SS4和SS2性能差距还是挺大的。不知道手机平台对应的指令集是什么,应该是ARM的东西吧,先不着急,学好一个,其他的就触类旁通了。
反汇编看一下汇编代码
#if defined(_XM_NO_INTRINSICS_)
float fValue = V1.vector4_f32[0] * V2.vector4_f32[0] + V1.vector4_f32[1] * V2.vector4_f32[1] + V1.vector4_f32[2] * V2.vector4_f32[2];
XMVECTORF32 vResult;
vResult.f[0] =
vResult.f[1] =
vResult.f[2] =
vResult.f[3] = fValue;
return vResult.v;
#elif defined(_XM_ARM_NEON_INTRINSICS_)
float32x4_t vTemp = vmulq_f32( V1, V2 );
float32x2_t v1 = vget_low_f32( vTemp );
float32x2_t v2 = vget_high_f32( vTemp );
v1 = vpadd_f32( v1, v1 );
v2 = vdup_lane_f32( v2, 0 );
v1 = vadd_f32( v1, v2 );
return vcombine_f32( v1, v1 );
#elif defined(_XM_SSE4_INTRINSICS_)
return _mm_dp_ps( V1, V2, 0x7f );
#elif defined(_XM_SSE3_INTRINSICS_)
XMVECTOR vTemp = _mm_mul_ps(V1,V2);
vTemp = _mm_and_ps(vTemp, g_XMMask3);
vTemp = _mm_hadd_ps(vTemp,vTemp);
return _mm_hadd_ps(vTemp,vTemp);
#elif defined(_XM_SSE_INTRINSICS_)
// Perform the dot product
XMVECTOR vDot = _mm_mul_ps(V1,V2);
009C2F04 movaps xmm0,xmmword ptr [V1]
009C2F08 mulps xmm0,xmmword ptr [V2]
009C2F0C movaps xmmword ptr [ebp-160h],xmm0
009C2F13 movaps xmm0,xmmword ptr [ebp-160h]
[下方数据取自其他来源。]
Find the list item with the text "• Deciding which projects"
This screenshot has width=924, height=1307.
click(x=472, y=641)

009C2F1A movaps xmmword ptr [vDot],xmm0
// x=Dot.vector4_f32[1], y=Dot.vector4_f32[2]
XMVECTOR vTemp = XM_PERMUTE_PS(vDot,_MM_SHUFFLE(2,1,2,1));
009C2F1E movaps xmm0,xmmword ptr [vDot]
009C2F22 shufps xmm0,xmmword ptr [vDot],99h
009C2F27 movaps xmmword ptr [ebp-180h],xmm0
009C2F2E movaps xmm0,xmmword ptr [ebp-180h]
009C2F35 movaps xmmword ptr [vTemp],xmm0
// Result.vector4_f32[0] = x+y
vDot = _mm_add_ss(vDot,vTemp);
009C2F39 movaps xmm0,xmmword ptr [vDot]
009C2F3D addss xmm0,dword ptr [vTemp]
009C2F42 movaps xmmword ptr [ebp-1A0h],xmm0
009C2F49 movaps xmm0,xmmword ptr [ebp-1A0h]
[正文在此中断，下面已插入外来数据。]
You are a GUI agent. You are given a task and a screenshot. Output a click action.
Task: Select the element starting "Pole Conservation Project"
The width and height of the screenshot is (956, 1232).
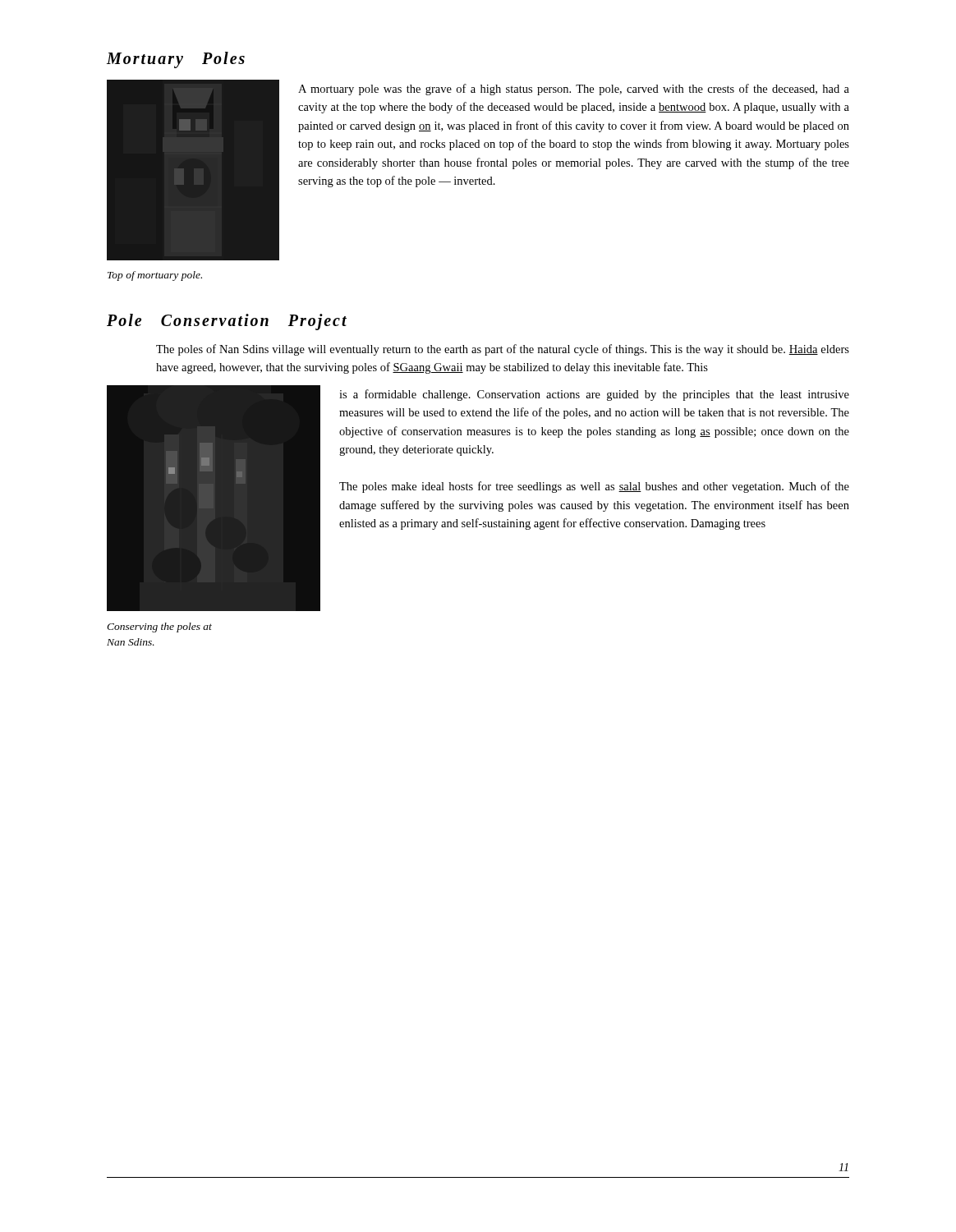(x=227, y=320)

009C2F50 movaps xmmword ptr [vDot],xmm0
// x=Dot.vector4_f32[2]
vTemp = XM_PERMUTE_PS(vTemp,_MM_SHUFFLE(1,1,1,1));
009C2F54 movaps xmm0,xmmword ptr [vTemp]
009C2F58 shufps xmm0,xmmword ptr [vTemp],55h
009C2F5D movaps xmmword ptr [ebp-1C0h],xmm0
009C2F64 movaps xmm0,xmmword ptr [ebp-1C0h]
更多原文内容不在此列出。